<102>

178. A VOLTAIRE.

Tribau, 12 avril 1742.

C'est ici que l'on voit tous les saints ennichés,
Dans les bois, sur les ponts, sur les chemins perchés,
Et messieurs les gueux, leur cortége,
Qui se morfondent sur la neige;
Tandis que, tranchant du Crésus,
Les puissants comtes de Bohème,
Prodigues de leurs revenus,
Ruinent leurs sujets, et se mangent eux-même,
Pour entretenir leurs chevaux;
Et que nosseigneurs les bigots,
Bien mieux instruits de leur cuisine
Que des pauvres et de leurs maux,
Chez les élus et leurs égaux
S'en vont promener leur doctrine,
Et se faire admirer des sots.

Vos Français, qui s'ennuient bien en Bohême, n'en sont pas moins aimables et malins. C'est peut-être la seule nation qui trouve dans l'infortune même une source de plaisanteries et de gaîté. C'est aux cris de M. de Broglie que je suis accouru à son secours, et que la Moravie restera en friche jusqu'à l'automne.

Vous me demandez pour combien messieurs mes frères se sont donné le mot de ruiner la terre. A cela je réponds que je n'en sais rien, mais que c'est la mode à présent de faire la guerre, et qu'il est à croire qu'elle durera longtemps.

L'abbé de Saint-Pierre, qui me distingue assez pour m'honorer de sa correspondance,102-a m'a envoyé un bel ouvrage sur la façon de rétablir la paix en Europe, et de la constater à jamais.102-b La chose est <103>très-praticable; il ne manque, pour la faire réussir, que le consentement de l'Europe, et quelques autres bagatelles semblables.

Que ne vous dois-je point, mon cher Voltaire, du grandissime plaisir que vous me promettez en me faisant espérer de recevoir bientôt l'Histoire de Louis XIV!

Accoutumé de vous entendre,
De vos œuvres je suis jaloux;
Cher Voltaire, donnez-les-nous.
Par cœur je voudrais vous apprendre;
Il n'est point de salut sans vous.

Vous pensez peut-être que je n'ai point assez d'inquiétudes ici, et qu'il fallait encore m'alarmer sur votre santé. Vous devriez prendre plus de soin de votre conservation; souvenez-vous, je vous prie, combien elle m'intéresse, et combien vous devez être attaché à ce monde-ci, dont vous faites les délices.

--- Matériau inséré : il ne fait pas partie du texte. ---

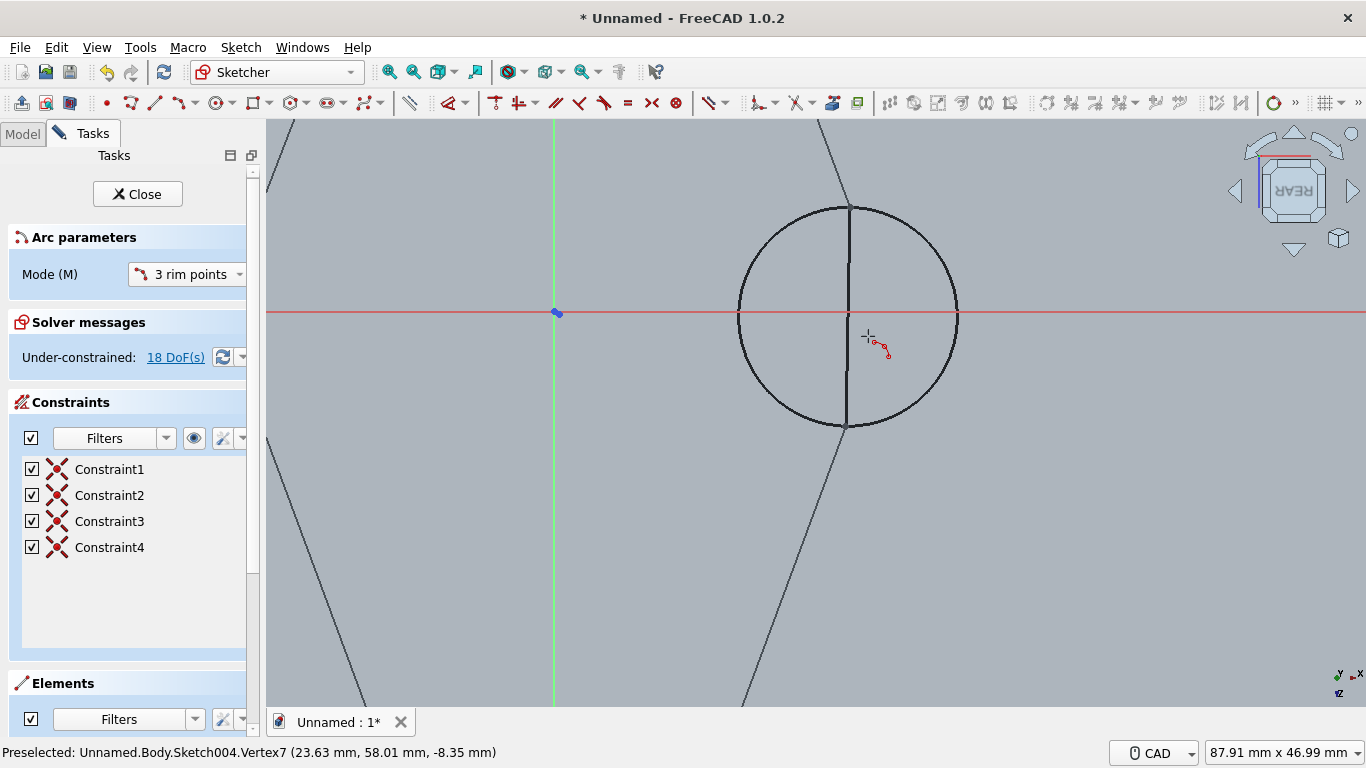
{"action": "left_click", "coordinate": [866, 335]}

Vous pouvez compter que la vie que je mène n'a rien changé de mon caractère ni de ma façon de penser. J'aime Remusberg et les jours tranquilles; mais il faut se plier à son état dans le monde, et se faire un plaisir de son devoir.

D'abord que la paix sera faite,
Je retrouve dans ma retraite
Les Ris, les Plaisirs et les Arts,
Nos belles aux touchants regards,
Maupertuis avec ses lunettes,
Algarotti le laboureui,
Nos savants avec leurs lecteurs :
Mais que me serviront ces fêtes,
Cher Voltaire, si vous n'en êtes?

Voilà tout ce que j'ai le temps de vous dire, sur le point de poursuivre ma marche. Adieu, cher Voltaire; n'oubliez pas un pauvre<104> Ixion qui travaille comme un misérable à la grande roue des événements, et qui ne vous admire pas moins qu'il vous aime.


102-a Cette correspondance est perdue.

102-b Voyez t. IX, p. 36 et 160; t. XIV, p. 292 et 323; t. XV, p. 71 et 102; et t. XVII, p. 200.